Bases: Mapping[str, Any]

Immutable, mapping-compatible graphene tight-binding parameters.

Delta: Any#
U: Any#
delta: Any#
extras: Mapping[str, Any]#
classmethod from_dict(data: Mapping[str, Any], *, preset_name: str | None = None, source: str | None = None, allow_partial: bool = False) GrapheneTBParameters[source]#
classmethod from_json(path: str | Path) GrapheneTBParameters[source]#
gamma0: Any#
gamma1: Any#
gamma2: Any#
gamma3: Any#
gamma4: Any#
gamma5: Any = 0.0#
classmethod preset(kind: str) GrapheneTBParameters[source]#
preset_name: str | None = None#
replace(**overrides: Any) GrapheneTBParameters[source]#
source: str | None = None#
to_dict() dict[str, Any][source]#
to_json(path: str | Path) Path[source]#
tree_flatten()[source]#
classmethod tree_unflatten(aux_data, children)[source]#
validate_for(family: str) GrapheneTBParameters[source]#
class contimod_graphene.RhombohedralMultilayer(n_layers: int = 3, params: str | Path | Mapping[str, Any] | GrapheneTBParameters | None = None)[source]#

Bases: object

Thin wrapper around the low-level rhombohedral (ABC…) kernels.

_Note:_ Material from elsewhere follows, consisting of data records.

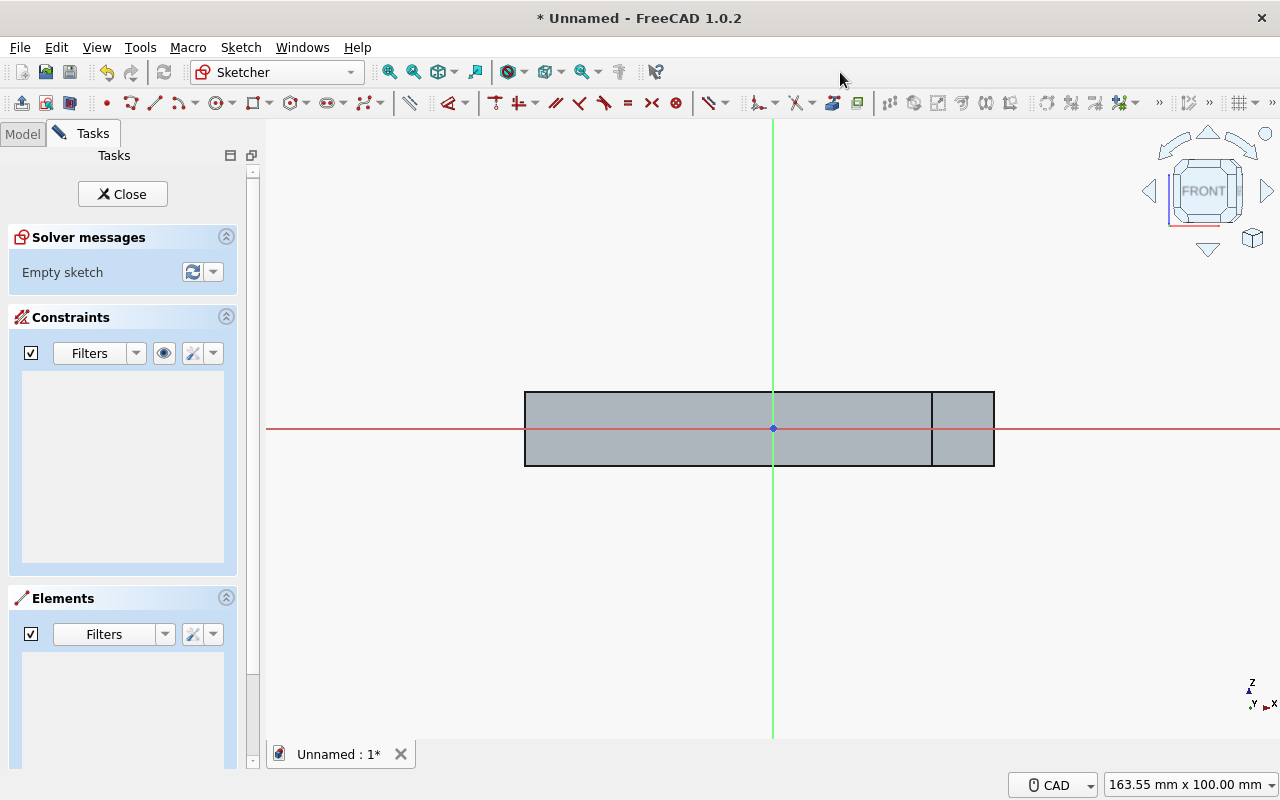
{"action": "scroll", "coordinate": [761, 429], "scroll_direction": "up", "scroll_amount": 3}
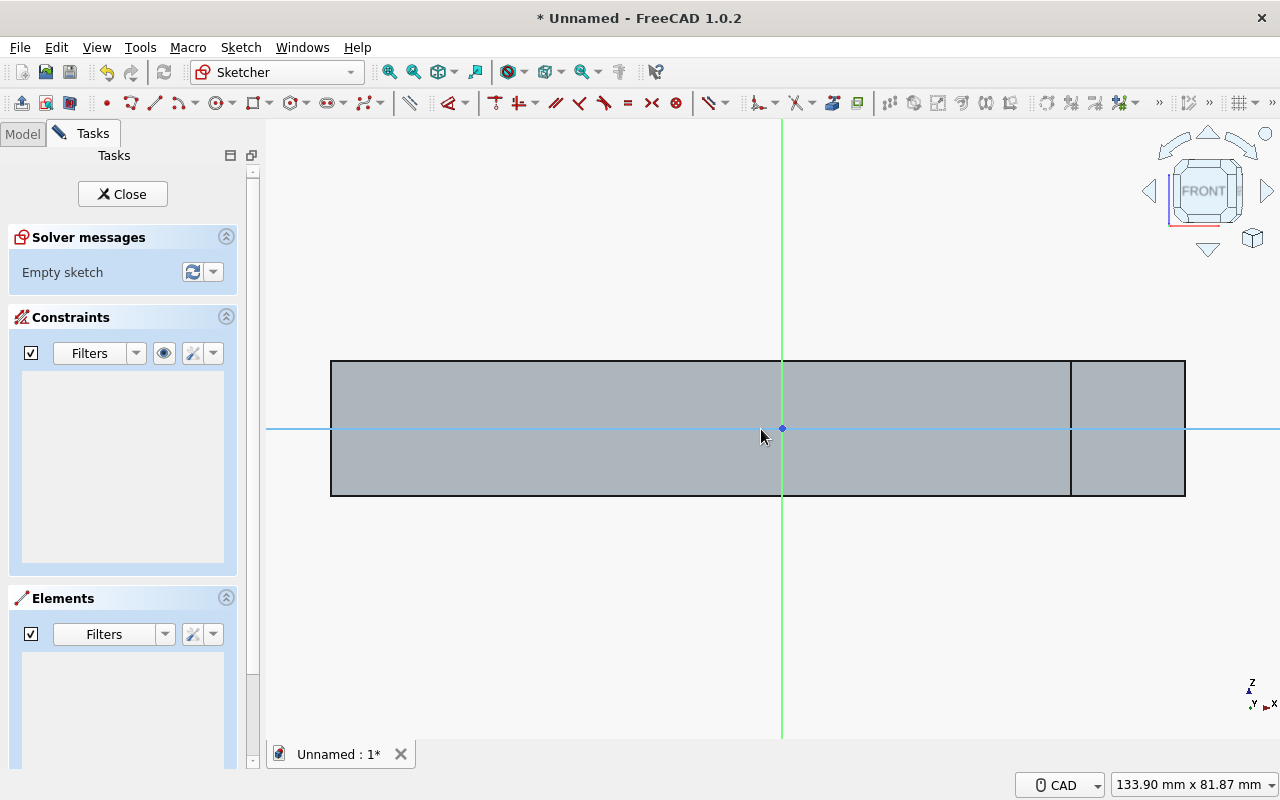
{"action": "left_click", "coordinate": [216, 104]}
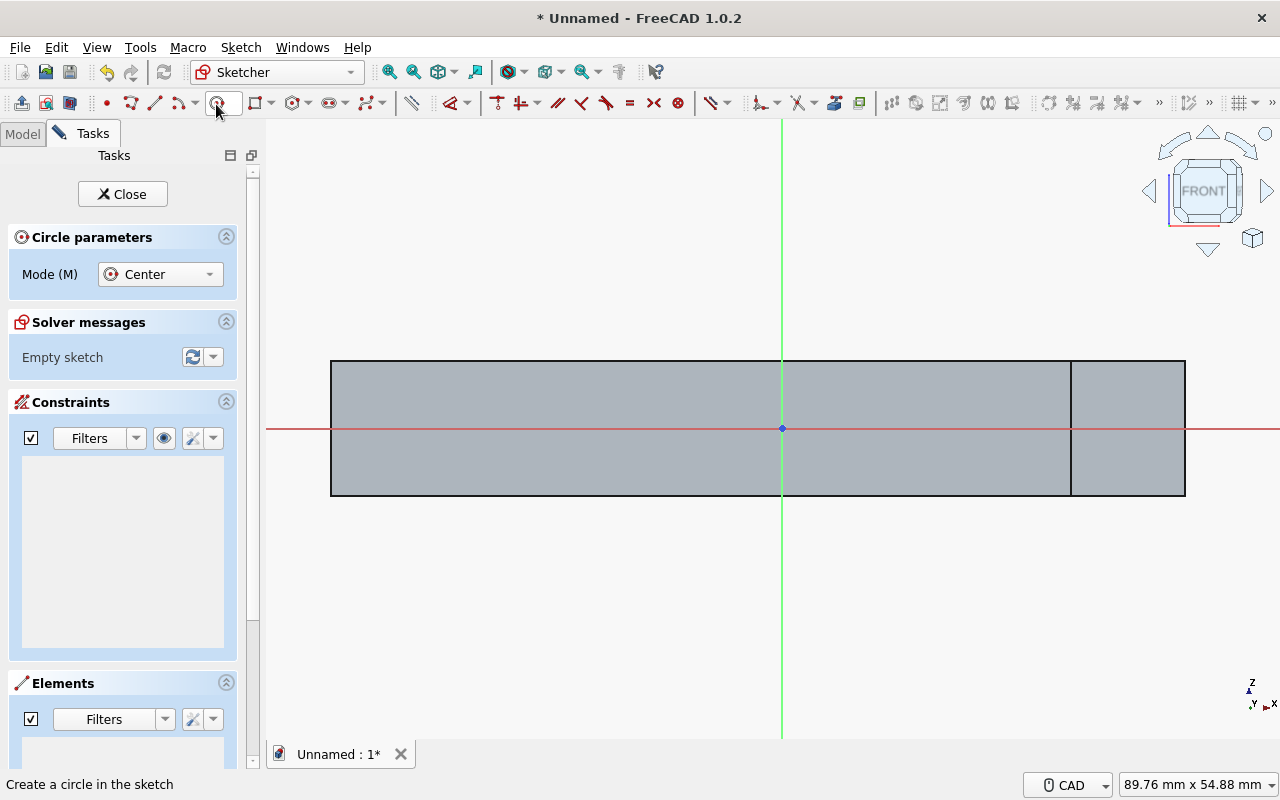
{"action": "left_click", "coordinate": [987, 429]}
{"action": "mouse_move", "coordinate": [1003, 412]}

default_preset_name: str = 'tlg'#
family: str = 'rhombohedral'#
hamiltonian(kx: float, ky: float)[source]#
hamiltonian_batch(ks, *, jit: bool = True)[source]#
landau_level_hamiltonian(B: float, *, n_cut: int, valley: str = 'K')[source]#
n_layers: int = 3#
params: str | Path | Mapping[str, Any] | GrapheneTBParameters | None = None#
replace(**changes: Any) RhombohedralMultilayer[source]#
stacking_label: str = 'Rhombohedral'#
two_band_hamiltonian(kx: float, ky: float)[source]#
with_params(**overrides: Any) RhombohedralMultilayer[source]#
contimod_graphene.list_parameter_sets() list[str][source]#

Return the canonical built-in parameter-set names.

contimod_graphene.load_parameter_set(name_or_path: str | Path | Mapping[str, Any] | GrapheneTBParameters) GrapheneTBParameters[source]#

Load a validated parameter set from a preset name, path, mapping, or object.